Fonte: Luiz Felipe Pondé
SOU UMA personalidade atormentada e dada a arroubos.
Noites insones me levam a terras distantes onde nossos ancestrais vagam
arrancando a vida e seu sentido das pedras. Com o passar dos anos, cada
vez mais me encanta a luta desses nossos patriarcas perseguidos pelos
elementos naturais, por seus próprios demônios e por deuses de olhos
vermelhos cheios de sangue e dentes afiados.
Construímos
sonhos de autorrealização profissional, afetiva e material. A
expectativa com nossa própria grandeza ocupa grande parte de nossos
devaneios.
O sentimento
da fragilidade do mundo sempre me perseguiu desde a infância. Se os
psicanalistas estiverem certos, e tudo que é primitivo é indelével, esse
sentimento constitui minha substância mais íntima.
Que inveja eu tenho das moscas! Livres, voando pelo mundo, sem saber de si mesmas.
Li nas últimas férias a coletânea de ensaios “The Best American Essays of the Century“, editada por Joyce Carol Oates e Robert Atwan (Houghton Mifflin Company, Boston).

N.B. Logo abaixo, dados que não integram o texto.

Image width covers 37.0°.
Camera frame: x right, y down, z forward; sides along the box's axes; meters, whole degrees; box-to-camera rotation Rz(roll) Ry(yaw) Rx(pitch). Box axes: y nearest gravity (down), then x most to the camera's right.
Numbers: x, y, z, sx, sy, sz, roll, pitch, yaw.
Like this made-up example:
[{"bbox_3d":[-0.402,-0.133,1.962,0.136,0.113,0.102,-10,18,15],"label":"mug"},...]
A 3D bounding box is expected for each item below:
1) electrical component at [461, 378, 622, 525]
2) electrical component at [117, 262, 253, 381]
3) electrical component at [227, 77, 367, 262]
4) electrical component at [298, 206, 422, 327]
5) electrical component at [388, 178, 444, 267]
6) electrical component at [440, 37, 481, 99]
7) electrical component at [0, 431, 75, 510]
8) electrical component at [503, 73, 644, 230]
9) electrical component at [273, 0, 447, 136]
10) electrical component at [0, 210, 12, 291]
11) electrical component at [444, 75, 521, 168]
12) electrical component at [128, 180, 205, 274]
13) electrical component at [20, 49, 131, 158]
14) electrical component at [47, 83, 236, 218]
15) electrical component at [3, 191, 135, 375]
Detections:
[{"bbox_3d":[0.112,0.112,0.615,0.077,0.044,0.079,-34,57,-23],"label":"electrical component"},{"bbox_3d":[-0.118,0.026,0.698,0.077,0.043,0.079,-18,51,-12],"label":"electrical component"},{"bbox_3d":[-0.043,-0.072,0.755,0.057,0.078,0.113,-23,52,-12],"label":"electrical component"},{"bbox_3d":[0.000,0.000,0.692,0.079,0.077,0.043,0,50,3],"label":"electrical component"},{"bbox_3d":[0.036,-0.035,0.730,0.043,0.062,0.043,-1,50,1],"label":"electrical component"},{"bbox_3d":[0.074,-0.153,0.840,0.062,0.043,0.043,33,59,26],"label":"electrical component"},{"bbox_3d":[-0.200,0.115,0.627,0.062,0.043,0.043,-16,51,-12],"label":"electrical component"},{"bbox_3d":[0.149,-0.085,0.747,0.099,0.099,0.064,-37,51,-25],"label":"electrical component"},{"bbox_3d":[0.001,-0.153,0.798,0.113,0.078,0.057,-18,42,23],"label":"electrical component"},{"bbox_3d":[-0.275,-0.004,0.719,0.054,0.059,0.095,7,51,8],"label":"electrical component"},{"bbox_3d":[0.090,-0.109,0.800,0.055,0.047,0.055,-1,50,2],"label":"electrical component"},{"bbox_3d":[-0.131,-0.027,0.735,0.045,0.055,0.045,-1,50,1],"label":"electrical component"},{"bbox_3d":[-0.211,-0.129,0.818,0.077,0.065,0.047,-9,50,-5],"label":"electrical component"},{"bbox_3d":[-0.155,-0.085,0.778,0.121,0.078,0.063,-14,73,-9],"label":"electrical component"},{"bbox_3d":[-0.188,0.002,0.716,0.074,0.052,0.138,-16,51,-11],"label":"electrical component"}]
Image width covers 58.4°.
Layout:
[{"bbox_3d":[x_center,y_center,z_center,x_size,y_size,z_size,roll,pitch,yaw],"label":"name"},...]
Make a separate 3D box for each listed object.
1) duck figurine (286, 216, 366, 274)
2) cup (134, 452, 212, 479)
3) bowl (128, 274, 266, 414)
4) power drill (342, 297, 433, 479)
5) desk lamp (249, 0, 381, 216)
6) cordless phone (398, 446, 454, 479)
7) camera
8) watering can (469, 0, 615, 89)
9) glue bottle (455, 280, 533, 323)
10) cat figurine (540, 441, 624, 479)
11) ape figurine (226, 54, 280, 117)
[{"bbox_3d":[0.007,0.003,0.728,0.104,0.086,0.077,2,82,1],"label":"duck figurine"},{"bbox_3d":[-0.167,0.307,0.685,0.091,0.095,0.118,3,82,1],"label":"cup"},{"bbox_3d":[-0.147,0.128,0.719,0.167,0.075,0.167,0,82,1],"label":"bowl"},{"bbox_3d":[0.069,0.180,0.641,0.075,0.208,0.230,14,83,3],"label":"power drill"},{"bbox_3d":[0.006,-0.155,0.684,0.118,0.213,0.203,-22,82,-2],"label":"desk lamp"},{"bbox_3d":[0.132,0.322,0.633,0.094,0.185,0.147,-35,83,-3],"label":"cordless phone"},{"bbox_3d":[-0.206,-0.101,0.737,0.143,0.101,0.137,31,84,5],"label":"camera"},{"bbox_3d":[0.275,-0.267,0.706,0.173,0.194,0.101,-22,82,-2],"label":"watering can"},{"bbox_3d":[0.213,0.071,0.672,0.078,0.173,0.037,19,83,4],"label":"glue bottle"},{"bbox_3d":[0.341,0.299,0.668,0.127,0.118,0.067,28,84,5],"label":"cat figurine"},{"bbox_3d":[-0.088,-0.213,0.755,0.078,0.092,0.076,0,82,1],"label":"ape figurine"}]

Destaco dois ensaios: “The Crack-Up” (a rachadura), de F. Scott Fitzgerald, de 1936 e “The Old Stone House” (a velha casa de pedra) de Edmund Wilson, de 1933.
Edmund
Wilson foi, segundo Paulo Francis, o último grande crítico literário de
uma tradição na qual o crítico não se escondia atrás de algum teórico,
tipo Blanchot ou Derrida, para repetir o que todo mundo diz e com isso
não correr riscos. Wilson enfrentava o autor cara a cara, dizendo o que
pensava dele, sem se preocupar com o que a “indústria da crítica
acadêmica” diria. A coragem nunca foi um valor na academia, Francis
tinha razão.
Nesse
ensaio, Wilson fala de uma casa de pedra na qual sua família viveu por
muitos anos. Sua família era do tipo de família que aqui chamaríamos de
quatrocentona falida. Mãe fria, pai, homem letrado e melancólico, ele,
Wilson, parecido com seu pai, e também um bêbado.
Estou
convencido de que pessoas sem algum vício terrível permanecem em alguma
forma de infância moral. Apenas quem perdeu qualquer esperança de ser
virtuoso deveria falar sobre moral. Pessoas sem vícios falando sobre
moral é como virgens dando aula de sexo.
Wilson,
entre outros parentes, fala de uma tia, infeliz no casamento, obrigada a
ser uma mulher normal quando na realidade era uma filósofa
schopenhauriana amadora. Segundo ele, ela enfrentou virtuosamente seu
fardo criando um sistema filosófico pessoal pessimista e, quando ficou
viúva, se mudou para Nova York e gastou seus últimos dias indo a
livrarias e vendo teatro. Quando ainda casada, sua tia lia à noite,
sobre o fogão, sozinha, em seu único momento de paz.
F. Scott Fitzgerald, autor de “O Grande Gatsby“,
nesse ensaio descreve a sua maior crise existencial (a rachadura que dá
título ao ensaio), que o acometeu por volta dos 50 anos. Escritor
famoso, Fitzgerald afirma: “Identifiquei-me com meus próprios objetos de
horror e compaixão” e “passei a ter uma atitude trágica em relação à
tragédia e melancólica em relação à melancolia”. Em síntese, foi
inundado por seus próprios objetos literários e se tornou, ele mesmo, um
deles. O efeito foi devastador e libertador.
Na abertura,
ele define o que entende por uma pessoa inteligente: conseguir viver
com duas ideias opostas sobre a vida e não desistir de nenhuma delas.
E
exemplifica: saber que não há esperança para nós e ainda assim viver
buscando provar o contrário. O resultado seria uma vida combativa em
nome da esperança. Uma vida pautada pelo controle de si mesmo e do mundo
a sua volta.
Ao final do
ensaio, ele volta a definir, agora, o que é, após sua rachadura, o
estado natural de um adulto que tem consciência e sensibilidade:
infelicidade qualificada (e não banal).
Uma condição
com a qual convivemos, mas que ao assumi-la, uma espécie de libertação
acontece: em suas palavras, não mais desejar ser um homem bom, não mais
ser simpático com o marido de sua prima, nem responder a cartas de
escritores jovens medíocres que não deveriam aborrecer os outros. Ser
apenas um escritor e não querer agradar a ninguém, nem a si mesmo.